In der leeren Halle 4: Als Sieger der Jovoto Community ging die Stage 2.0 von Filip Gavril hervor. Eine Buchartige Bühne, durch deren Seiten man hindurch laufen kann und sich somit für jede Seite der Hintergrund wechselt. Keine bahnbrechende neue Idee, aber ziemlich schön.
Der Bühnenverein hat auch eine Liste der acht interessantesten Ideen zusammengestellt, ihr Liebling war „Got it? So use it!“ von mikaR, die sie auch vorstellten. Eine App die jeder Zuschauer mit seinem eigenen (oder vom Theater geliehenen) Smartphone oder Tablet nutzen kann, um während der Vorstellung ins Geschehen einzugreifen. Oder auch um den Blickwinkel zu wechseln. Durch eine Kameraperspektive vom Kopf des Schauspielers aus, um die Geschichte aus einer anderen Sicht zu sehen. Hoffentlich ist sie das endlich, die Rettung des Abendlandes.
Die acht Ideen, die die Vertreter des Deutschen Bühnenvereins am spannendsten fanden, werden bei der nächsten Tagung einander vorgestellt, um zu sehen, ob sich die ein oder andere Idee umsetzen lässt.

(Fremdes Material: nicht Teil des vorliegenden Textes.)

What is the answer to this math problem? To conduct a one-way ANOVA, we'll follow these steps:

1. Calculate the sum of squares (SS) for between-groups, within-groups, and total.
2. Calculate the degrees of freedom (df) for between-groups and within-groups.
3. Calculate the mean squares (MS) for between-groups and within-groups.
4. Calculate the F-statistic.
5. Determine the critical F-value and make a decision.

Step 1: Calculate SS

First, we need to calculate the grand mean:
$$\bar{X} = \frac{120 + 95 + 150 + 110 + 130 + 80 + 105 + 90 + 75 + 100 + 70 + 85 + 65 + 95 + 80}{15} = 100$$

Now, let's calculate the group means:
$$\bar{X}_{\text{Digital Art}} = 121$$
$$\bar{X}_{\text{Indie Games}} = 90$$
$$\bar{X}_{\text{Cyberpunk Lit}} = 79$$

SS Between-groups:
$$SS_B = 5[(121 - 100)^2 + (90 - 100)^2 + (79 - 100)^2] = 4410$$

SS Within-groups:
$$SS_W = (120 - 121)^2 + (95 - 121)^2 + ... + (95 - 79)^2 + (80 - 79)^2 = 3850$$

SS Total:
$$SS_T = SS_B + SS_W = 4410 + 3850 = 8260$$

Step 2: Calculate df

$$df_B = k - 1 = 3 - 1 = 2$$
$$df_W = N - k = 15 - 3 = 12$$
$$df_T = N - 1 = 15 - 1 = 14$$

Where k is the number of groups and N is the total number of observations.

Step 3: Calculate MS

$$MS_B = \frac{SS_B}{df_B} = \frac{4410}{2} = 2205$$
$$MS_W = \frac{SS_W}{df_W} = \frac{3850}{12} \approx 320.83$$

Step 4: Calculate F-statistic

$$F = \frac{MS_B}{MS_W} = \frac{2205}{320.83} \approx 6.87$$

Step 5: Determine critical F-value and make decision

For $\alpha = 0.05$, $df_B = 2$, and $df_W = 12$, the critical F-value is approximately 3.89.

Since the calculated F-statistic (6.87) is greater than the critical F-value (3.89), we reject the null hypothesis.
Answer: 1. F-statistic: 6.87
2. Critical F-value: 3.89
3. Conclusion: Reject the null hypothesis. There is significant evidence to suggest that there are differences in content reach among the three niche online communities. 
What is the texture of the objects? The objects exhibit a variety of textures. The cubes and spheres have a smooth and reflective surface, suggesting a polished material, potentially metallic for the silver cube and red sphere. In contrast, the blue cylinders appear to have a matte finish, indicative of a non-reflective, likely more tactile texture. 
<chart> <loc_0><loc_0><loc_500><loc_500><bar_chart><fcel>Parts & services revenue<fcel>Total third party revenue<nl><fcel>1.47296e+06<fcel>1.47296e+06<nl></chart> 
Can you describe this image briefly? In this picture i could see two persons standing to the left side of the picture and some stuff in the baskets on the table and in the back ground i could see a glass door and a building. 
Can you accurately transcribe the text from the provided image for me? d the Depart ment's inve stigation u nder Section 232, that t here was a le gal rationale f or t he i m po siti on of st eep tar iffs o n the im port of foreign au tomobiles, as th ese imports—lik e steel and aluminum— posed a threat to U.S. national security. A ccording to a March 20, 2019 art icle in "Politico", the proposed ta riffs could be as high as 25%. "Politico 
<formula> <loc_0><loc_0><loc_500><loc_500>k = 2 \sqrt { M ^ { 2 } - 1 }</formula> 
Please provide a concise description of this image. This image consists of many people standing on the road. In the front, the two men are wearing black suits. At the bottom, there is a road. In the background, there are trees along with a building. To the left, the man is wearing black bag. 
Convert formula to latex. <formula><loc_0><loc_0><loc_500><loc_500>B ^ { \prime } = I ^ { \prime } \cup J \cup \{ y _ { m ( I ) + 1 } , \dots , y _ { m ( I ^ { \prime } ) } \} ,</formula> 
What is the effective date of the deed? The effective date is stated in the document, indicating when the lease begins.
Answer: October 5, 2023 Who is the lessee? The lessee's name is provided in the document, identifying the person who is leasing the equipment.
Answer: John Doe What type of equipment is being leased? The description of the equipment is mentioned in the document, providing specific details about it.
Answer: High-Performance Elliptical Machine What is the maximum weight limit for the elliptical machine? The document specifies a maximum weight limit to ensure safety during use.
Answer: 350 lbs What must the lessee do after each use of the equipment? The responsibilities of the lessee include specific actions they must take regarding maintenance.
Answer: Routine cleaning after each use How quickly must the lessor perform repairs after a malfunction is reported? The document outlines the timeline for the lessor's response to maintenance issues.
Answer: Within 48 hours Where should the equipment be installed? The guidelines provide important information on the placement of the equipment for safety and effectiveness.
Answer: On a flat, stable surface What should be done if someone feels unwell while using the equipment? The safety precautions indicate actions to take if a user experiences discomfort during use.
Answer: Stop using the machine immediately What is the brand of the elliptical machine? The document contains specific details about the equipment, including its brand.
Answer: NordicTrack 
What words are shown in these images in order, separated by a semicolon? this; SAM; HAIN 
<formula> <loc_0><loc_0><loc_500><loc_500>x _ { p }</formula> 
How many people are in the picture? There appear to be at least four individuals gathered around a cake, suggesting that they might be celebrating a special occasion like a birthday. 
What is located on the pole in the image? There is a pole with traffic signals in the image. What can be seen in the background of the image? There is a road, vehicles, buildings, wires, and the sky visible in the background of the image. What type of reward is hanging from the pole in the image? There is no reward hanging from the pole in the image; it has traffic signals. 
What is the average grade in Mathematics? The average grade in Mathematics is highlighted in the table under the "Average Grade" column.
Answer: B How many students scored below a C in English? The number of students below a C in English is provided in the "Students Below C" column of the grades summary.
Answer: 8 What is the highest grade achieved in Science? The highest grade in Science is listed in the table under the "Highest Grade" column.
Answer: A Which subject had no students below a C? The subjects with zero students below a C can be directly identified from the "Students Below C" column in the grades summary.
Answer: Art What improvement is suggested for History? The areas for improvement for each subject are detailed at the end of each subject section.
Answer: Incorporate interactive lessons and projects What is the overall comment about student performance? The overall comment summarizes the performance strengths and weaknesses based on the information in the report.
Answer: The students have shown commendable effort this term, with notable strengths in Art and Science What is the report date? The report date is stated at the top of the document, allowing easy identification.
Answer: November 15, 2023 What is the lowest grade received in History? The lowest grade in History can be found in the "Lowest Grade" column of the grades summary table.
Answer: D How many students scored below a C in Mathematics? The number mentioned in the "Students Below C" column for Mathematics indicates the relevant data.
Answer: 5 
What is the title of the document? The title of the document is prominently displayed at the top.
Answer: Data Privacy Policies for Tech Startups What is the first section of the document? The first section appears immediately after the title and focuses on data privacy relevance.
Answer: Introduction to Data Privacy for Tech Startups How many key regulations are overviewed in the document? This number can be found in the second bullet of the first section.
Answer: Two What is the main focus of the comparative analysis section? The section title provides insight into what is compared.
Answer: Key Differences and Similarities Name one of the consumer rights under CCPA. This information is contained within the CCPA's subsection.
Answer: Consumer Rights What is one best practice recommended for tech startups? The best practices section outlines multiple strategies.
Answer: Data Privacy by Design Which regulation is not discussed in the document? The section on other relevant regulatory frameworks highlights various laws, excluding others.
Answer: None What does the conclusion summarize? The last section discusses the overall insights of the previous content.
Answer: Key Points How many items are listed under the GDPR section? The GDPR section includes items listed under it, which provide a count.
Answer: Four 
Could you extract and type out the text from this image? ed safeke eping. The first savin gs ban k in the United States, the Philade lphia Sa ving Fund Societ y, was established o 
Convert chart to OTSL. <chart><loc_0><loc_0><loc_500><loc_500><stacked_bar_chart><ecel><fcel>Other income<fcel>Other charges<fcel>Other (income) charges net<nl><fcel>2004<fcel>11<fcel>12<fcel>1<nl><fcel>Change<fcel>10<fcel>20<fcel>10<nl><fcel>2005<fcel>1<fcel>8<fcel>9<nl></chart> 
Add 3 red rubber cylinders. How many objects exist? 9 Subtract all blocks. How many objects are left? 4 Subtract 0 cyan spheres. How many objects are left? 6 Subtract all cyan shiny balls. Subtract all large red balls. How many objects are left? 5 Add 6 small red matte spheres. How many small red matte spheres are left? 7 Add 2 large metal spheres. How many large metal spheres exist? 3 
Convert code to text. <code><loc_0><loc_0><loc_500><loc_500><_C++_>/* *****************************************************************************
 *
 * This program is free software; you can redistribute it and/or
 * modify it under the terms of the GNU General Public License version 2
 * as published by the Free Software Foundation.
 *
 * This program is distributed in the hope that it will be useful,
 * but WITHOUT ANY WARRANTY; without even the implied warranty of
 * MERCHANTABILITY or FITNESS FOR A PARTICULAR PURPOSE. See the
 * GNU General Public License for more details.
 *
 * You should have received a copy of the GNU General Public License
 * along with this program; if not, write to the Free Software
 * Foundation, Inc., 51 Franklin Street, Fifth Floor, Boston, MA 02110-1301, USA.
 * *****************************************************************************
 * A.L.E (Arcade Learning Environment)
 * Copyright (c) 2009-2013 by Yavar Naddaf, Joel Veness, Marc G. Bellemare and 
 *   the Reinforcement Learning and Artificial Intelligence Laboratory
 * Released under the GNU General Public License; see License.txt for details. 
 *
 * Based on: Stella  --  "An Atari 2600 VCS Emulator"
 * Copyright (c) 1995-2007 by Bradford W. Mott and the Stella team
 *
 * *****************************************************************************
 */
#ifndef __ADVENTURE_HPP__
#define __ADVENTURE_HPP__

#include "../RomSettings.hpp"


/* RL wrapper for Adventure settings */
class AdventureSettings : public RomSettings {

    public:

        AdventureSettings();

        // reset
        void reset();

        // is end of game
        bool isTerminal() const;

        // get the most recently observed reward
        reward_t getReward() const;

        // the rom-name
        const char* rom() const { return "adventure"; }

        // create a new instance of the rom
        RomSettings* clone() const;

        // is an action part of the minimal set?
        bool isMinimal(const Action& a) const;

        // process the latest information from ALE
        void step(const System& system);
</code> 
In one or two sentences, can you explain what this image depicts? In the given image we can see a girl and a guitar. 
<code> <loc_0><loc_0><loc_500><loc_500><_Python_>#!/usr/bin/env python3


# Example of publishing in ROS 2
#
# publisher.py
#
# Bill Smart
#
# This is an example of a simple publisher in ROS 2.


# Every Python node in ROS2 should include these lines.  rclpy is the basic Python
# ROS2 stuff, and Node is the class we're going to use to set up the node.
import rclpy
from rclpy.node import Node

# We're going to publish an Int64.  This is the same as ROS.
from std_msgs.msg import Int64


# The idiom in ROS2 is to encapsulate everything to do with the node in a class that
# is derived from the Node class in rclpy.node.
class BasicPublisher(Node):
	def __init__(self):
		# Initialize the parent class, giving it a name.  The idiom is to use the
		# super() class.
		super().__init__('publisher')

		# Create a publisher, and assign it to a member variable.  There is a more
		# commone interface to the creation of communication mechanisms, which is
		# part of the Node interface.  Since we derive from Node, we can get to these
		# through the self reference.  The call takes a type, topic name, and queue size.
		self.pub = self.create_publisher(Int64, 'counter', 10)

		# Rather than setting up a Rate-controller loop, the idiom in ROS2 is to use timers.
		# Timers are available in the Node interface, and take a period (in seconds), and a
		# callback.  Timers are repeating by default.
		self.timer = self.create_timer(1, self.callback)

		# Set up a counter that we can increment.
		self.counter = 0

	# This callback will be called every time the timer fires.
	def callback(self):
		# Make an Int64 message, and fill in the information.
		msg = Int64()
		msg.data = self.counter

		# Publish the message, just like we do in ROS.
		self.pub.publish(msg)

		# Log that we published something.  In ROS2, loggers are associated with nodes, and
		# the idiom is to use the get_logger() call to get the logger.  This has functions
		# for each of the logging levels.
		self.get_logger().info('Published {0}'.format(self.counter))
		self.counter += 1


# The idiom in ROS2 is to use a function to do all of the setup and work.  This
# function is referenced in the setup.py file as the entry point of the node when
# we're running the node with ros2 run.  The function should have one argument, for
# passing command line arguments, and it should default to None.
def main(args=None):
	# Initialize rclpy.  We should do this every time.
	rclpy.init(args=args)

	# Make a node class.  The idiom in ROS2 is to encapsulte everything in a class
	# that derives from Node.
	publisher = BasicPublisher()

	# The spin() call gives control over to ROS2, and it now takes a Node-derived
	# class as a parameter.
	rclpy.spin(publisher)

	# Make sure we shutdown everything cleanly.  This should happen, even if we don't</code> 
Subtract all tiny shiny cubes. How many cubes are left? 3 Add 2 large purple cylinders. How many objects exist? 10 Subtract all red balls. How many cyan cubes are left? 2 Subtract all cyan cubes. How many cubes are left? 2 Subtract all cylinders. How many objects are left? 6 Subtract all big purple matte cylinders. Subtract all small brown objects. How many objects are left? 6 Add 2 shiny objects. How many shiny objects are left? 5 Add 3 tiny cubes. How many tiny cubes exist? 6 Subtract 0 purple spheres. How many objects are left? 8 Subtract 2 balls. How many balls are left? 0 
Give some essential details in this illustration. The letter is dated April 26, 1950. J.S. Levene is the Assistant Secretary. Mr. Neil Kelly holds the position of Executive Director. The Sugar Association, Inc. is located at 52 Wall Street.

Die Erfahrung allerdings, dass es irgendwie ansteckend sein kann, eine Online-community über mögliche Zukunftsvisionen des Theaters beraten zu lassen, ließ eine sehr vielversprechende Idee entstehen: So etwas als Dauereinrichtung. Ein Theater-Think-Tank. Viele wissen immer mehr als Einzelne. Und wo hat das neue Wir-Gefühl Platz, wenn nicht am Theater.
Ich kann mir vorstellen, dass eine feste Anzahl an Inszenierungen grundsätzlich per Thinktank entsteht. Ähnlich wie die Spielplanwahl am Thalia Theater, eben eine demokratische Inhaltsfindung einer Inszenierung. Ich weiß, die großartigsten Kreativen sind schon längst am Theater. All jungen Regisseure und Künstler, die sich im Großraum Theater und performative Kunst bewegen, wären auch auf die Ideen der Jovotaner gekommen. Locker.
Ich finde es ziemlich vorstellbar, einen kollektiven Geburtsprozess einer Inszenierung im Web abzuhalten und dann untereinander nur abzustimmen, wer es letztendlich umsetzt. Als Stellvertreter und Abgeordneter des Thinktanks. Die Inszenierung wäre ein Produkt der Community, dessen Entstehung man online verfolgen kann. Es würde eine andere Dynamik ins Theater reinspülen, die die Trennung von Off- und Stadt Theater weiter verwässern könnte, weil es ein „Wir“ behauptet.
Dieses „Wir“ zu behaupten ist tatsächlich wahnsinnig verführerisch nach drei friedlichen, klugen, innovativ-aufgeladenen Tagen re:publica 2012. Neue, shiny Zukunft. Genau da bin ich abzuholen. Obacht.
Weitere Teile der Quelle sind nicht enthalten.